Wednesday, April 14, 2010

Drugs and Trafficking













When I first told mi esposo, David, that I was packing myself and Caleb off to Peru to work in a hospital that was doing bone marrow transplants he told me that it must be a hospital for drug lords because cocaine had to be Peru's number one industry. If it is, I haven't seen it yet. Rebagliati definitely seems just like Hennepin County Medical Center only much bigger and the big industries here in Peru seem to be tourism, mining and minerals, fishing, agriculture, fuels, manufacturing (hey! doesn't that Quimica Suiza logo look suspiciously like the logo for Target??), banking, health care and insurance (a little bit like old Minnesota). A lot like Minnesota is the morning traffic on the 35W equivalent. When Dr. Yábar picks me up at 7:15 AM it takes 30 minutes in traffic to get to the hospital. When he picks me up at 7:10 AM it takes 15 minutes in no traffic and we can actually find a space in the doctor's parking lot. So, I am learning about trafficking but mainly automobile trafficking.

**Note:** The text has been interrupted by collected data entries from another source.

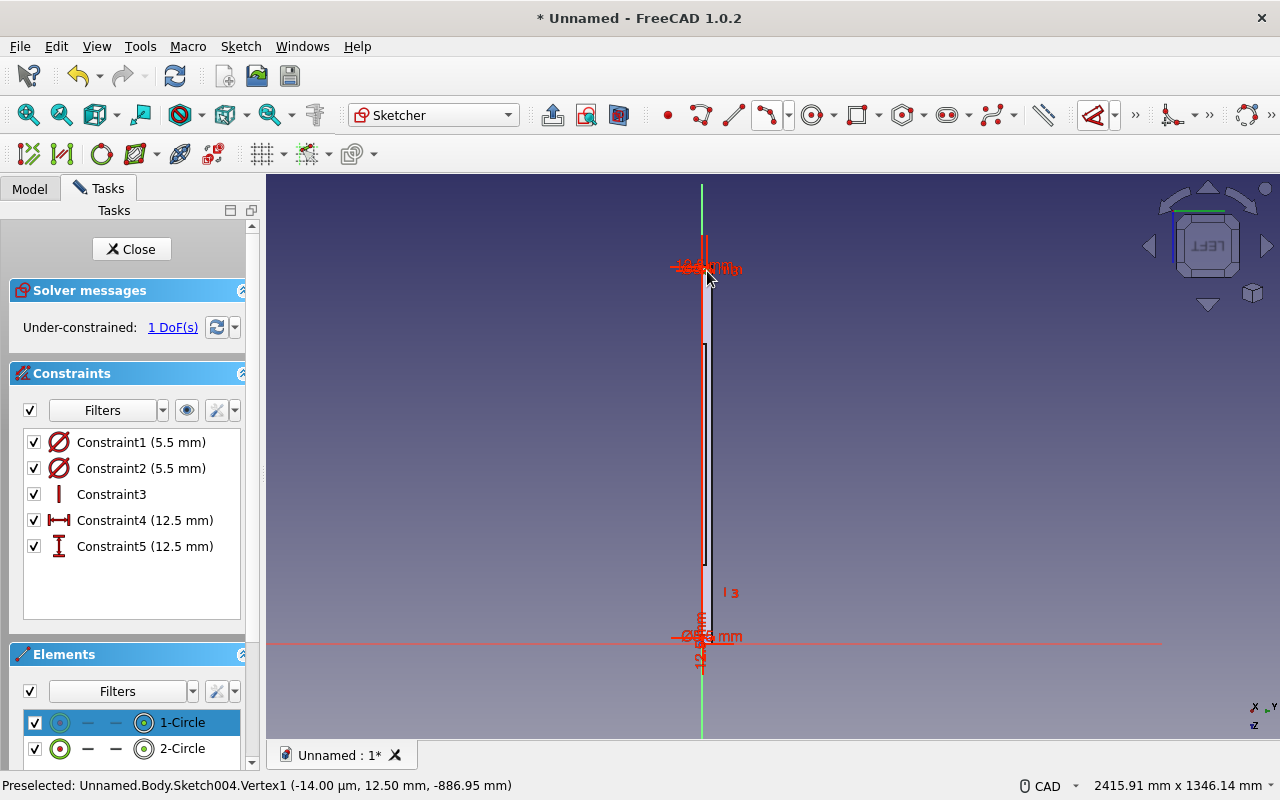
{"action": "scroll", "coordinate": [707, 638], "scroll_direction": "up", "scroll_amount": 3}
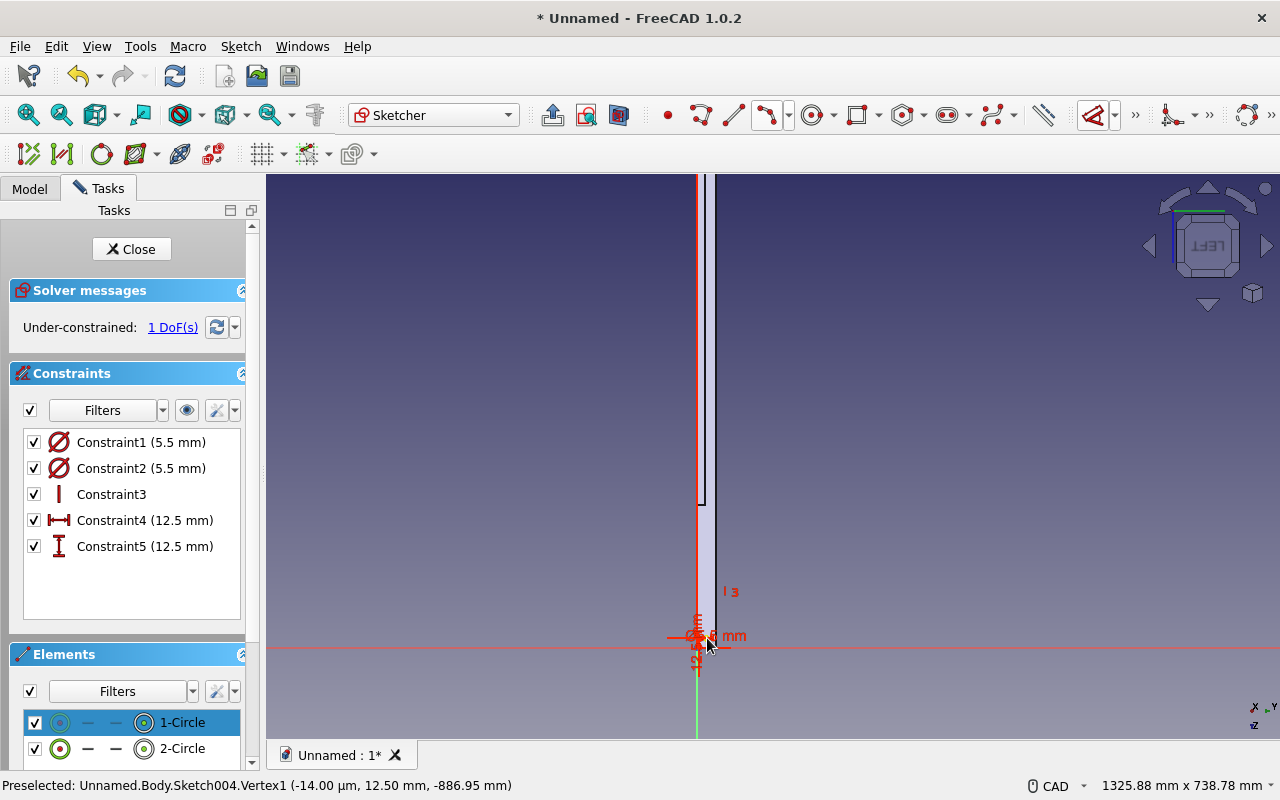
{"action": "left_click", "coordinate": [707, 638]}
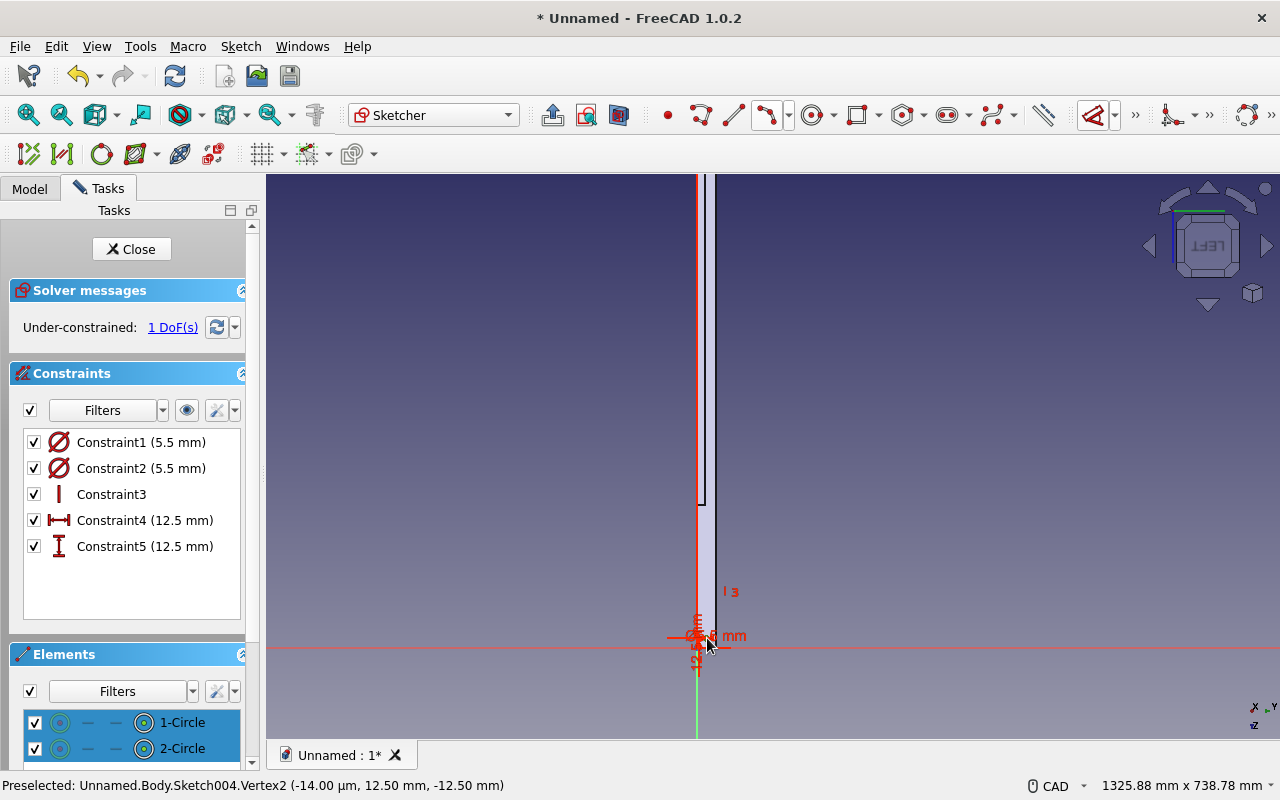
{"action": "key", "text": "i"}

I was ready to be picked up at 7:10 AM this morning because I was up at 5:00 AM with a raging sore throat (I just knew that I was gonna get some kind of sickness no matter how careful I was.....). I got up and dressed and popped down to the local Lund's equivalent (well, actually, if you check out the photo's this place beats the caca out of Lund's). Their Pharmacia was all set to sell me some codeine laced throat lozenges but I told them that I'd settle for some Benzocaine and Hall's Mentholyptus. No problemo. It got me thinking about what the drug laws are here so after soldiering through a day of lecturing and looking at slides (and slugging down green tea, Tylenol and sucking on good old Hall's) I toodled down to one of the many Miraflores neighborhood pharmacies. They stopped me from taking photo's just as I was about to snap a shot of the locked case of Maybelline cosmetics. They did let me quiz them and they made it sound like EVERYTHING stronger than Tylenol requires a prescription. I zipped back down to my friendly 24-hour Vivanda Market to check back in with their pharmacist. She told me that it must have been a (one of my many) "lost in translation" moment and that the morning pharmacist would not have sold me the throat lozenges with codeine without a prescription. No problemo, I bought the benzocaine ones and took photo's until I was stopped from doing so by a charming armed security guard.

Gotta go and rest up! Tomorrow is the Big Grand Rounds (no, I didn't get to do it Monday and I'm really bumming out because I wore the "Grand Rounds Outfit" that Ann Dayton picked out for me on Monday and now I don't know what I am going to wear!!!). Shout out to Lisa P. and James McCormick --YES I did go and work out at the gym despite the fever and sore throat...

1 comment:

  1. Well make sure not to push too hard, and let yourself rest too! You are doing a lot and in a new place so there is all that taxing happening on your immune system.

    On another note...it seems as though you have begun a bit of spicing up your blog with some Spanish (HA caca), I bet by the end of your trip I won't even be able to read your blog unless I have a translator present!

    Keep up the great work! You are a courageous woman.